Trevor Birney and Barry McCaffrey will travel to a police station in Belfast to collect their possessions, hours after detectives dramatically dropped their investigation into them.
Police are being forced by the courts to return laptops, hard drives, mobile phones, notepads and millions of digital files.
The outcome of last week's challenge in the civil courts, which ruled search warrants used by police unlawful, prompted officers to announce late on Monday that their criminal probe into the film makers was being discontinued.
Mr Birney and Mr McCaffrey were arrested last August over the alleged theft of a police watchdog document that appeared in their film on a notorious loyalist massacre during the Northern Ireland Troubles.
The reporters, who insist the material on the Loughinisland killings came from an anonymous whistleblower, had been on bail ever since.
The Police Service of Northern Ireland (PSNI) had asked Durham Police to investigate the alleged theft.
Both organisations confirmed on Monday that the reporters were no longer under investigation - though they said the probe into the alleged theft would continue.
Mr Birney and Mr McCaffrey told the Press Association: "Our first thoughts are with the Loughinisland families.
"The attack on us was an attack on them. We call on the PSNI and Durham to apologise to them for putting them through this unlawful charade.

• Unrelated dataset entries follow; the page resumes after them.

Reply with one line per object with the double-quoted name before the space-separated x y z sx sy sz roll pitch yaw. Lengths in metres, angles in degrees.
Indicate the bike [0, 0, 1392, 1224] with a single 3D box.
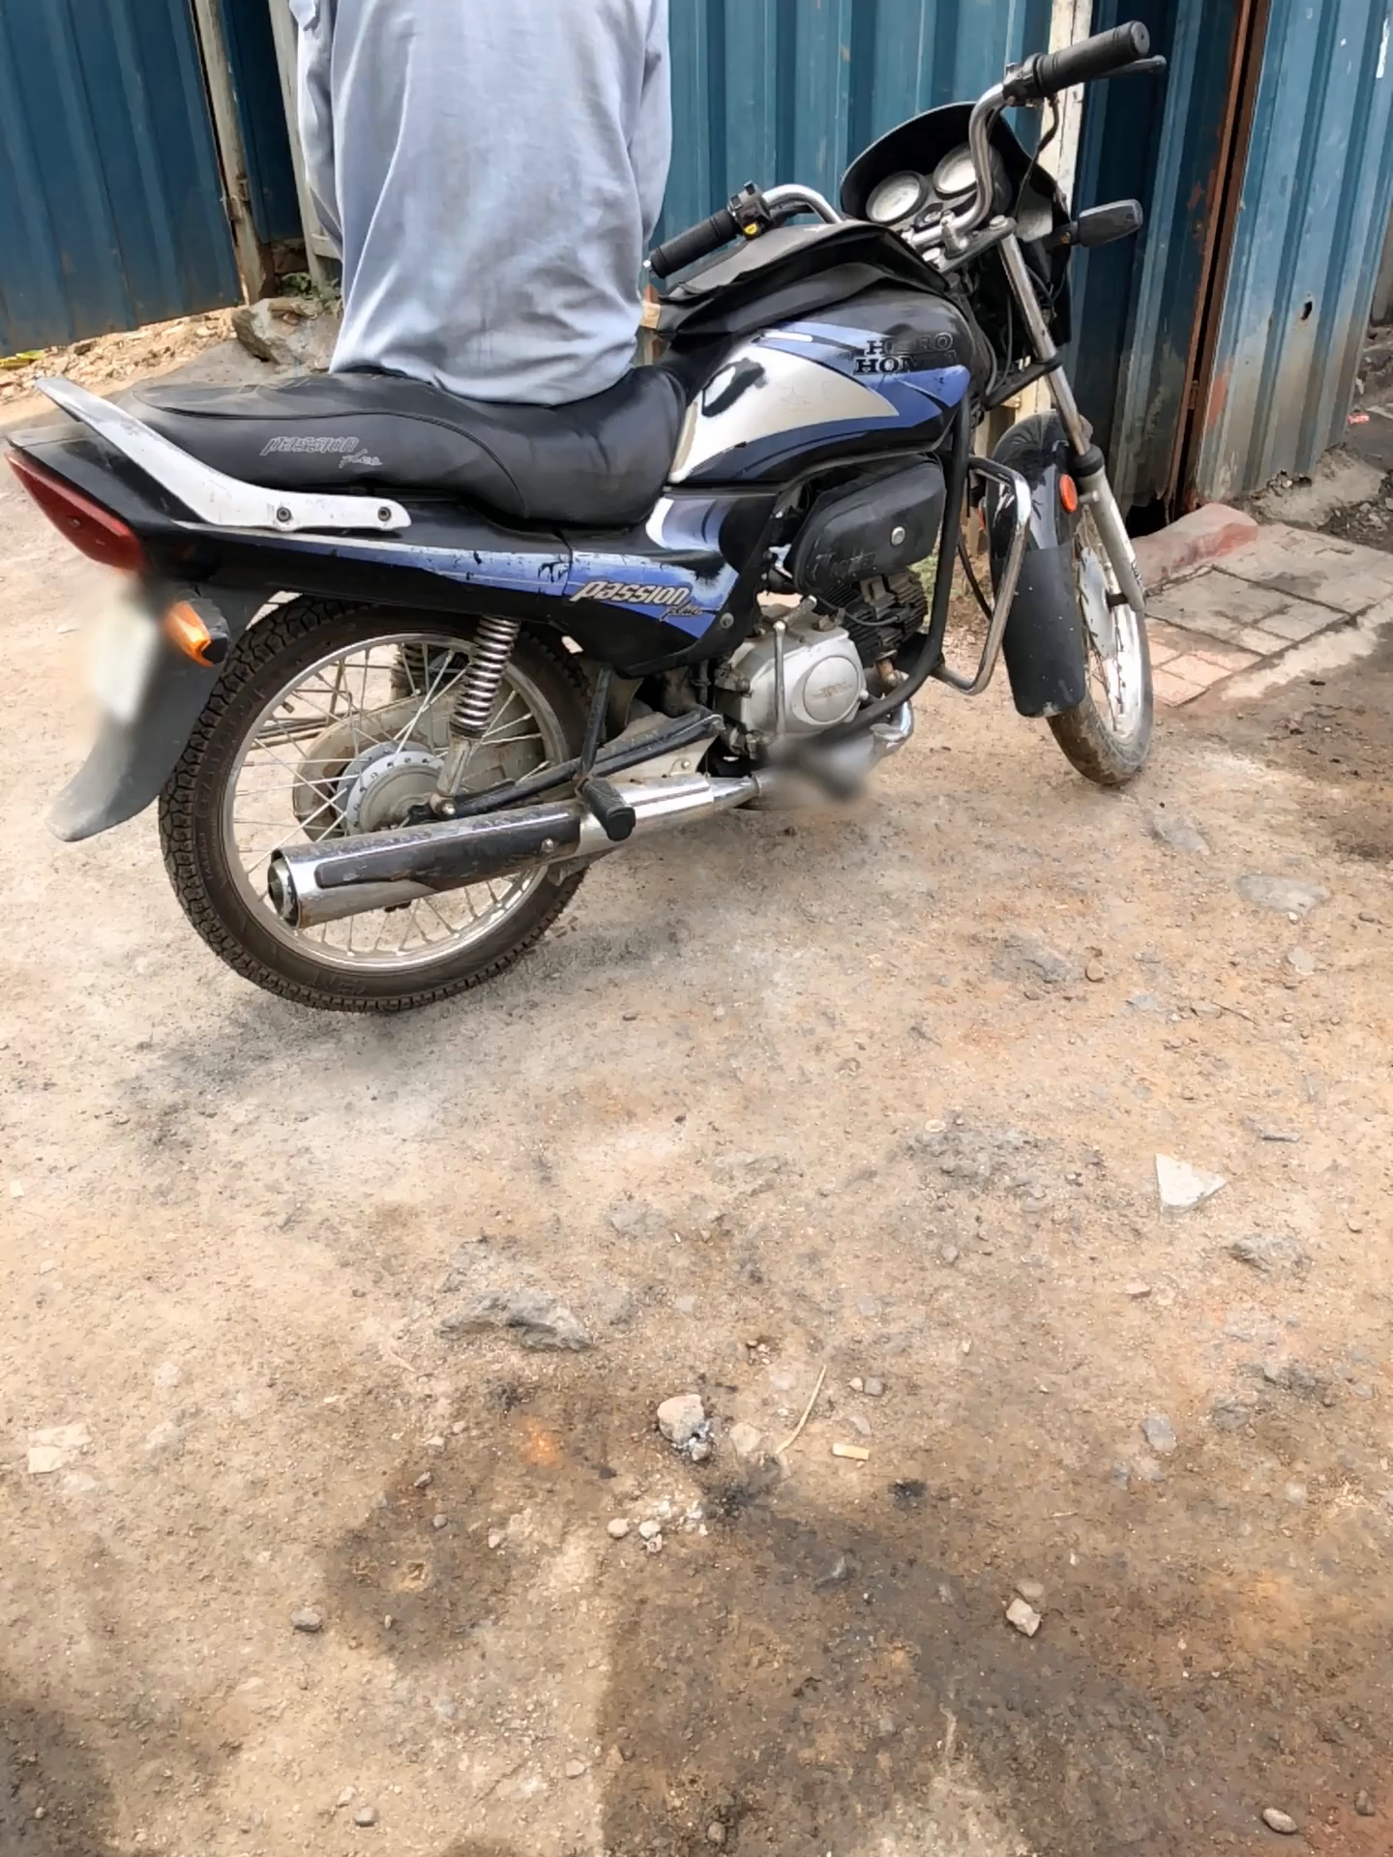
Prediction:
"bike" 0.040 -0.651 2.200 1.806 1.154 0.786 -24 39 -28
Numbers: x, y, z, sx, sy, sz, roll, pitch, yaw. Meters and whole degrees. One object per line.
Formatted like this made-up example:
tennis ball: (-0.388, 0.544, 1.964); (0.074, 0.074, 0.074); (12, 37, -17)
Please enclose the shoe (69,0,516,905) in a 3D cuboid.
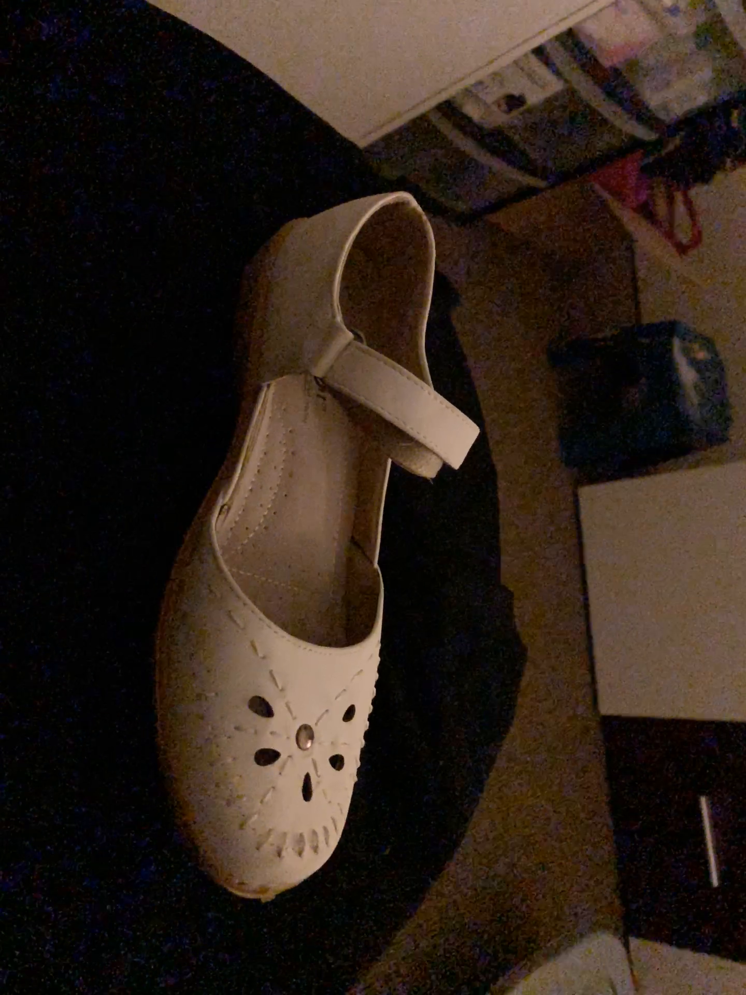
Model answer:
shoe: (-0.018, -0.018, 0.281); (0.098, 0.099, 0.271); (20, 67, -44)
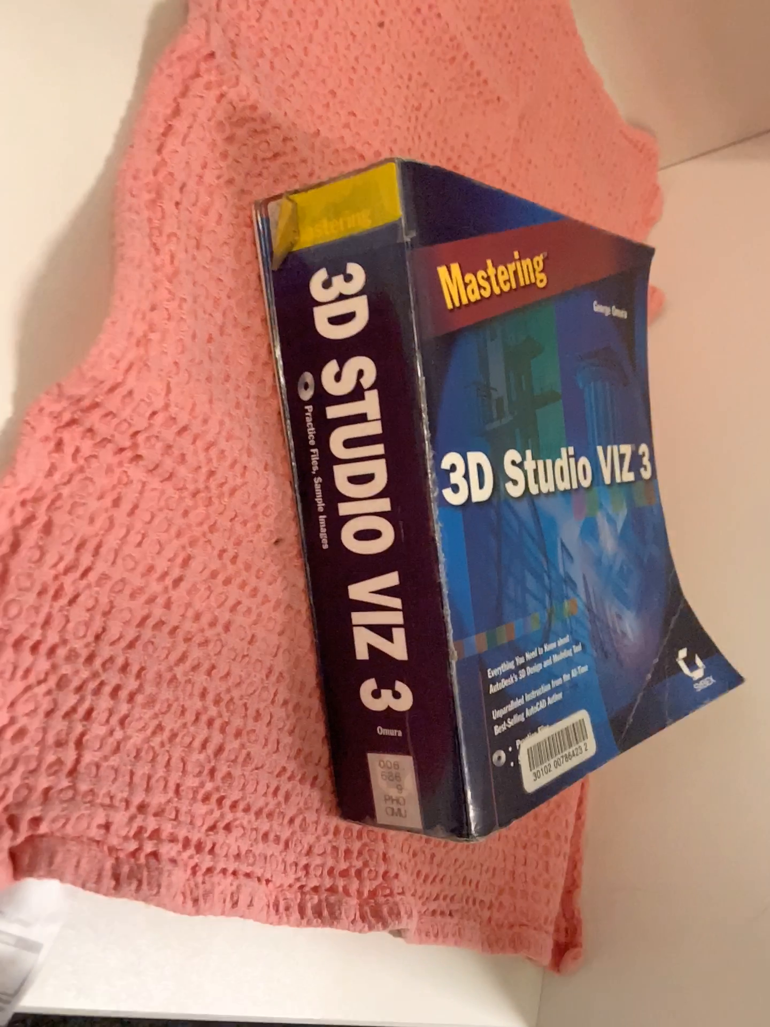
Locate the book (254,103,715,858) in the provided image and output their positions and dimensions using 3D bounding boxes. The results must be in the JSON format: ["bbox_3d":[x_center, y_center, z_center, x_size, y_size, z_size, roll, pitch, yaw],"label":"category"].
[{"bbox_3d":[0.061,-0.016,0.347,0.207,0.077,0.231,-9,92,-51],"label":"book"}]

"The police have dropped the case for one reason only - finally, they accept that by arresting us and raiding our homes and offices, they were the ones that acted unlawfully."

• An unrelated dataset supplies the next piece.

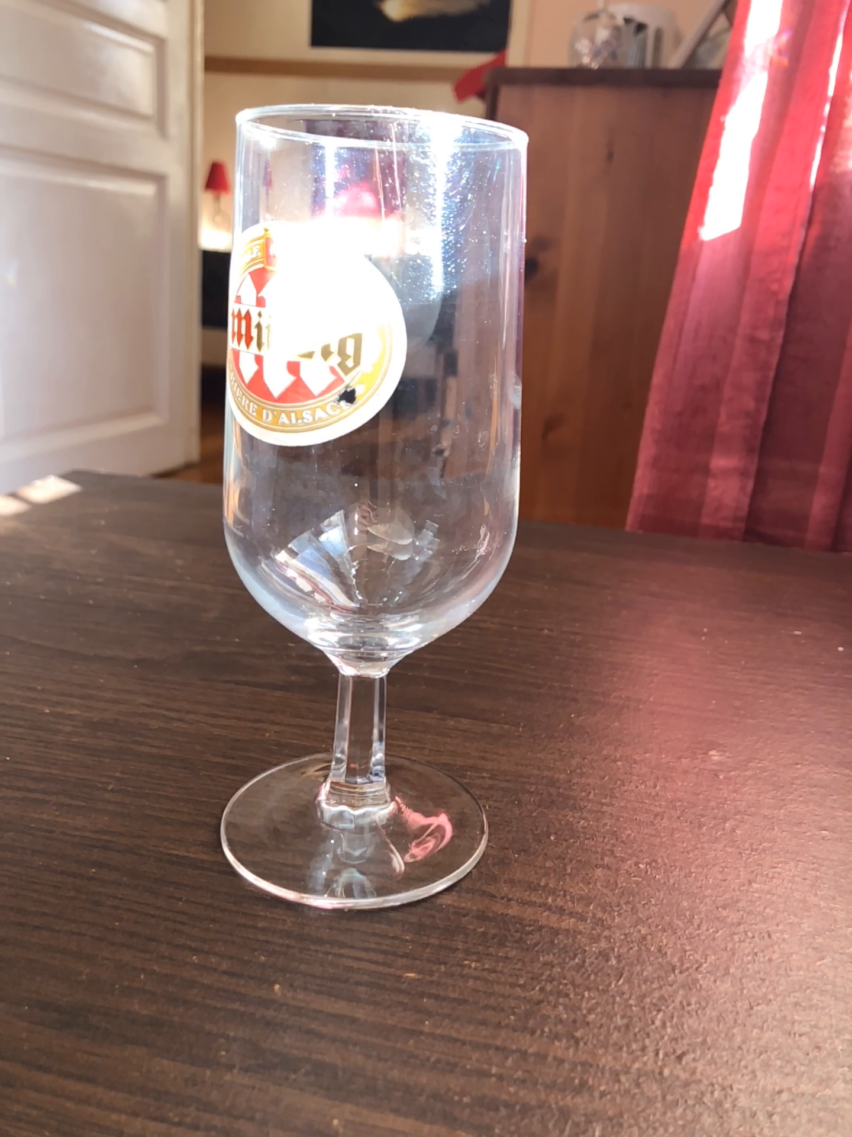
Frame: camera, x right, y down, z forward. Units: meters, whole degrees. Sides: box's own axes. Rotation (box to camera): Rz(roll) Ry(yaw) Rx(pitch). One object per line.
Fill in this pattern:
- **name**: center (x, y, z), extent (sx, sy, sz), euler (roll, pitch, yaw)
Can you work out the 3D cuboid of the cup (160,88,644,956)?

The film makers' case has attracted worldwide attention, with the award-winning reporters having mobilised a high-profile campaign against what they portrayed as an attack on press freedom.

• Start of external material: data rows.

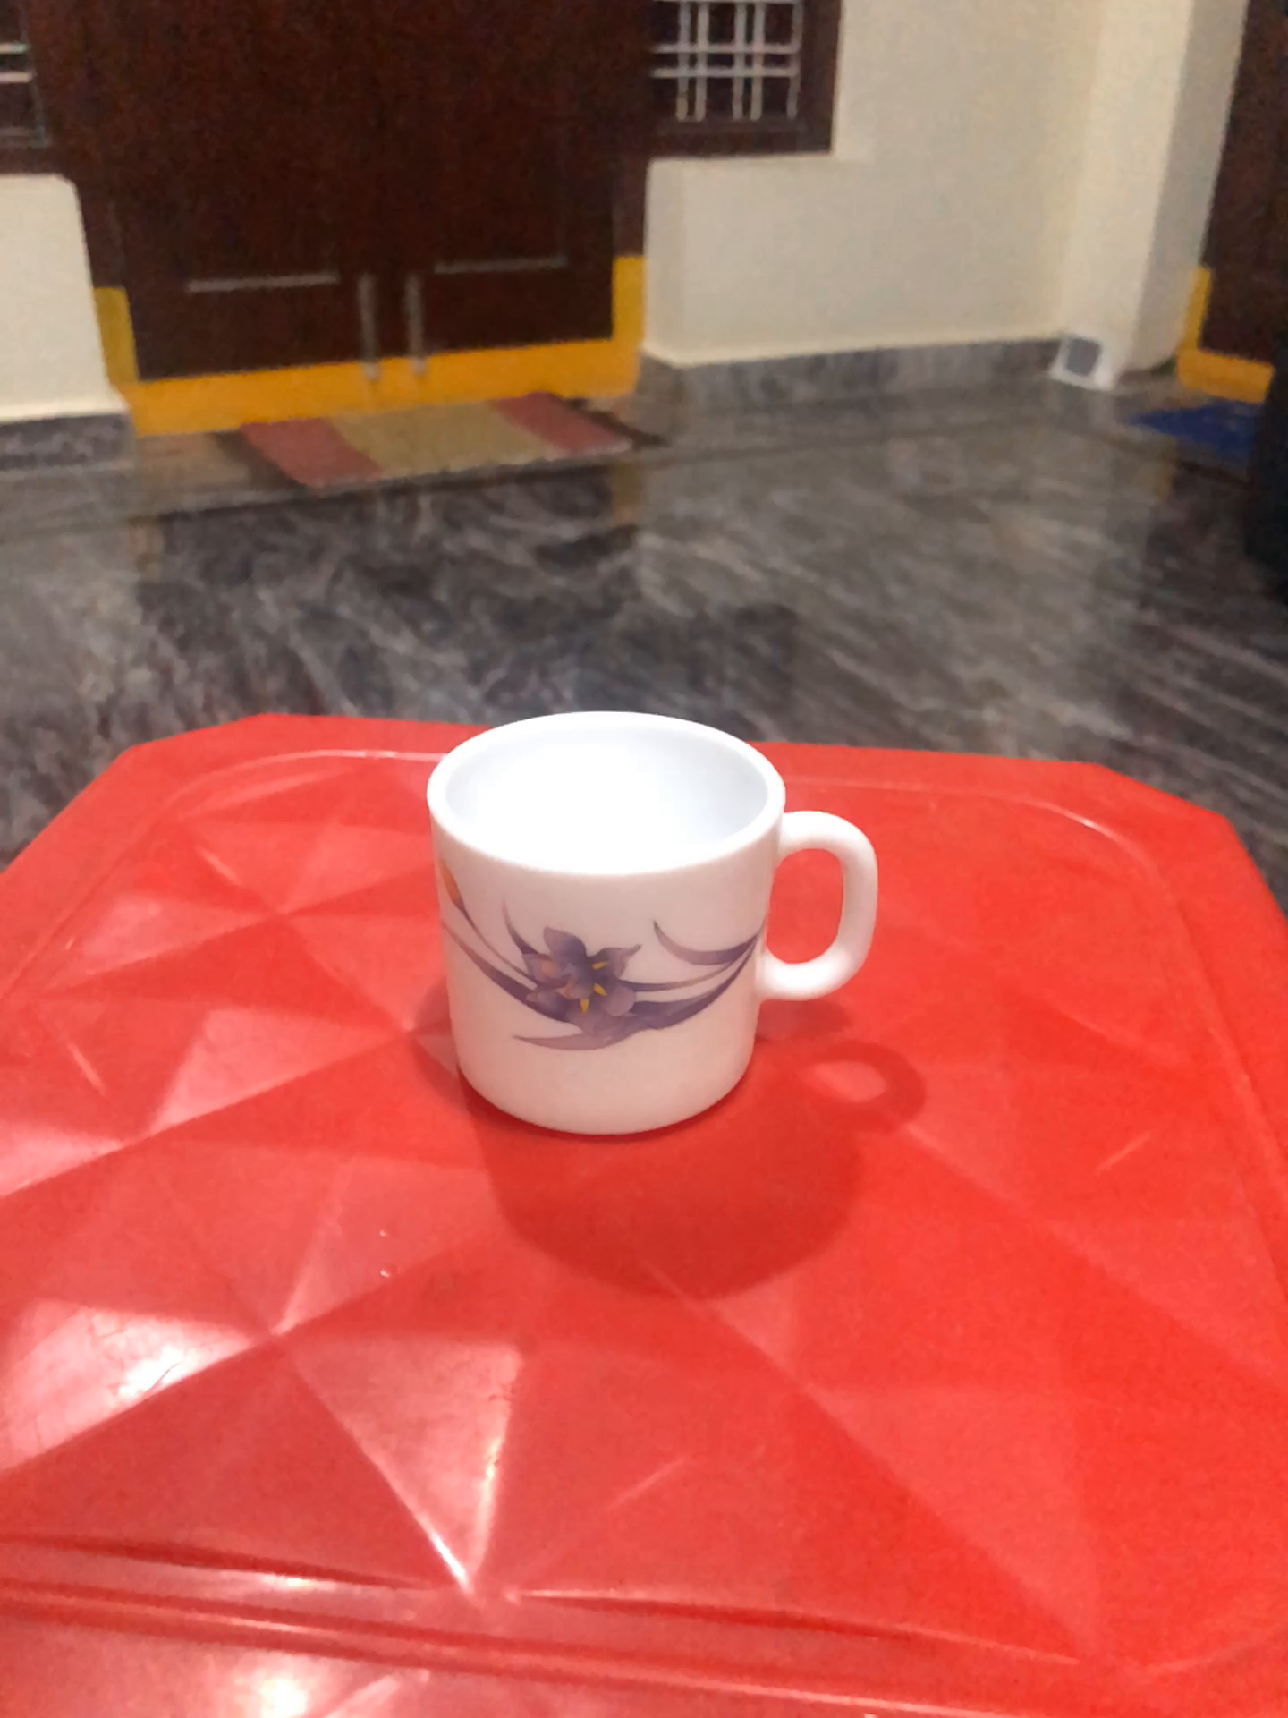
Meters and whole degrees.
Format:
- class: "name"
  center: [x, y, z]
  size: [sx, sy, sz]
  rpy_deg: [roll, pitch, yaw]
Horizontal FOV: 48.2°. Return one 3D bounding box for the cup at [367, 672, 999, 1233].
- class: "cup"
  center: [0.003, 0.012, 0.264]
  size: [0.090, 0.060, 0.070]
  rpy_deg: [-9, 31, -18]

Monday's development came days after three senior judges in Belfast quashed warrants used by police to seize a wide range of journalistic material from early morning raids on the men's homes and their film company, Fine Point.
Their 2017 documentary No Stone Unturned broke new ground by naming suspects it said were involved in the Ulster Volunteer Force (UVF) killings of six Catholic men gathered in a village pub watching the Republic of Ireland play a World Cup football match on TV.
No-one has ever been convicted of the murders.
Police had been investigating how information contained in a Police Ombudsman for Northern Ireland document appeared in No Stone Unturned.
As the Loughinisland killings have long been linked to allegations of police collusion, PSNI chief constable George Hamilton had asked Durham Police to conduct the investigation, citing potential conflict of interest concerns if local officers led the probe.
Mr McCaffrey and Mr Birney were highly critical of the two police forces.
"The PSNI put the cudgel in the hands of Durham Constabulary and let them loose on us and on press freedom itself," they said on Monday.
The men have questioned why detectives had not instead focused on going after the Loughinisland killers.
The men called for an immediate and independent investigation, demanding that senior officers in the PSNI and Durham Police were "held accountable".
They added: "We've been humbled by those at home and abroad who have stood by us throughout the past nine months.
"But most of all, we thank the Loughinisland families. We are proud to have brought their story to the world."
Durham Constabulary's Chief Constable Mike Barton confirmed the move on Monday night.
"At all times, my officers have acted in good faith, within the law and followed due process," he insisted.
"The warrant application was originally submitted to and approved by a county court judge. We do, however, accept and respect the decision of the High Court last week."
PSNI Chief Constable George Hamilton said: "I have always accepted the autonomy of Chief Constable Barton's inquiry and I fully concur with his decision not to progress the investigation into the two journalists Mr Birney and Mr McCaffrey.
"Throughout the period of this investigation, the horror of what happened in Loughinisland has never been far from any of our thoughts.
"The perpetrators of that crime have never been brought to justice and that is a matter of huge regret for policing.
"The police investigation into who murdered the six innocent men in the Heights Bar in 1994 remains open but progress is dependent on new information.
"There are people out there who know what happened. I would appeal to them to come forward and make a statement that will help us finally bring justice to the families of the victims.
"I am aware that the investigation over the last year has caused concern for families who have already suffered so much.
"That is something none of us would ever have wished to do."
In response to the criticism levelled by Mr Birney and Mr McCaffrey, a PPS spokeswoman said: "The conduct of investigations, including applying for and executing search warrants, is entirely a matter for police."